The place to start is with the “new Dashboard” link, found on the right-hand side of the Dashboard picker. You’ll see the Top Header, with options ranging from adding panels to saving your dashboard.
With drag-and-drop functionality, panels can be easily moved around, and you can zoom in and out.
Grafana recently launched version 5.0, which includes the following features and updates:
- New Dashboard Layout Engine: enables an easier drag, drop and resize experience
- New UX: including big improvements in UI, in both look and function
- New Light Theme
- Dashboard Folders: to help keep dashboards organized
- Permissions on folders
- Group users into teams
- Datasource provisioning: makes it possible to set up data sources via config files
- Persistent dashboard URL’s: now it’s easier to rename dashboards, without breaking links
Differences and Similarities
Graphite has proved itself over time to be a reliable way to collect and portray data. It has its quirks, and many newer solutions are on the market that offers more features or are easier to use, however it has managed to stay relevant and is still preferred by many.

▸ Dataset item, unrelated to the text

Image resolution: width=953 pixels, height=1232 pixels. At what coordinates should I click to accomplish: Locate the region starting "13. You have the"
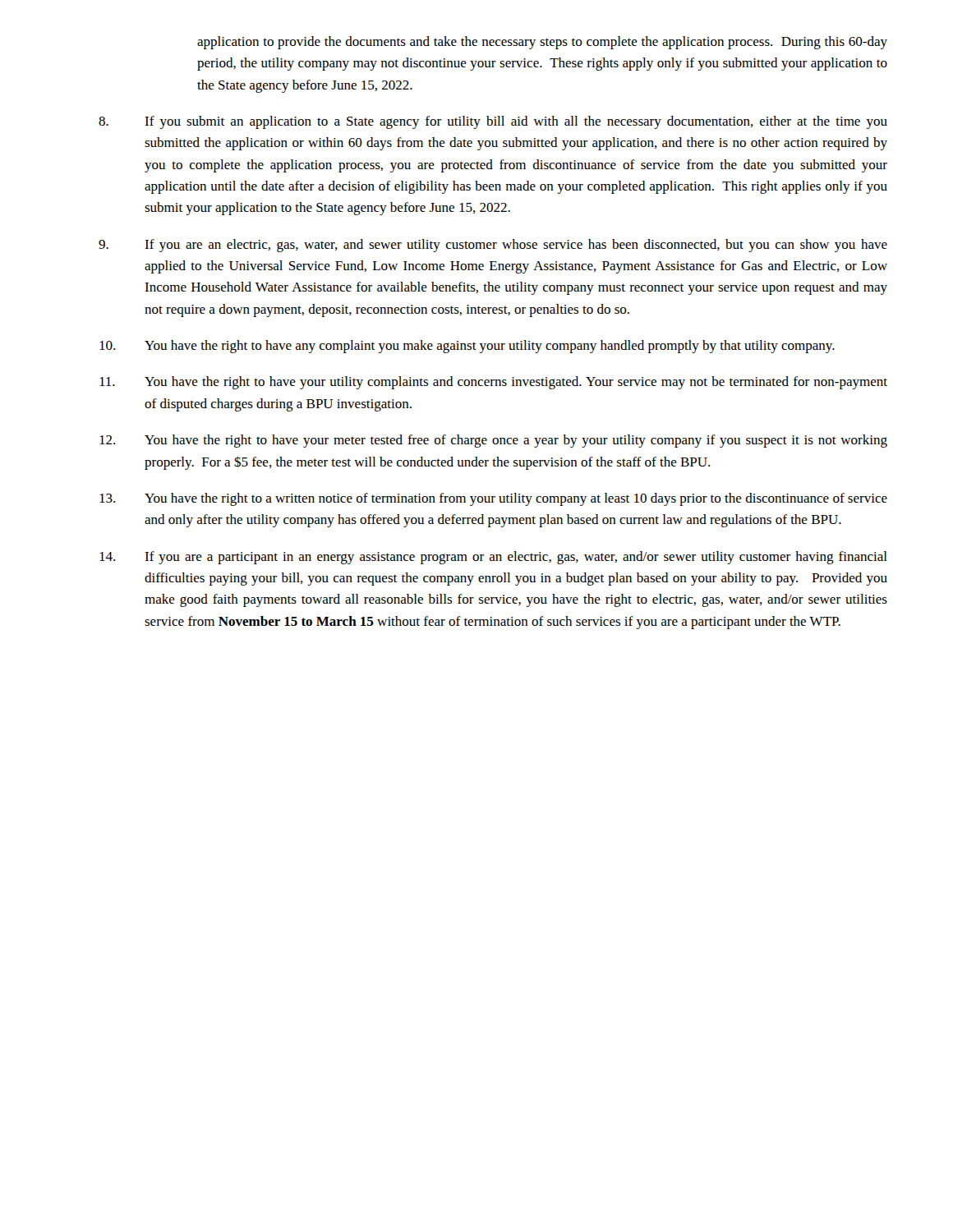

Grafana has been steadily improving its offering, with a number of plugins being available, and is being used by more and more companies.
Graphite is often used in combination with Grafana. Graphite is used for data storage and collection, while Grafana handles the visualization. This way, the best of both worlds (at least in this context) is achieved. Graphite reliably provides the metrics, while Grafana provides a beautiful dashboard for displaying these metrics through a web browser.
Making Data Work For You
Every company, from large to small, is generating significant amounts of extremely useful data. This data can be generated from many sources, such as the use of the company’s product, or from its infrastructure.
Whatever the data being generated, successful businesses are learning from this data to make successful decisions and monitor their performance. This is where tools like Graphite and Grafana come into play; they enable organizations to monitor their data visually, see macro trends, identify abnormal trends, and make informed decisions.
Tools like Graphite and Grafana are not catch-all solutions, however. Some data – such as logs – require specific tools to enable companies to get the most from their analysis. Coralogix maps software flows, automatically detect production problems and clusters log data back into its original patterns so that hours of data can be viewed in seconds. Coralogix can be used to query data, view the live log stream, and define dashboard widgets, for maximum control over data, giving a whole lot more than just data visualization.
Using the right tool to visualize data can significantly increase your ability to detect abnormal behavior in your production, track business KPI’s, and accelerate your delivery lifecycle.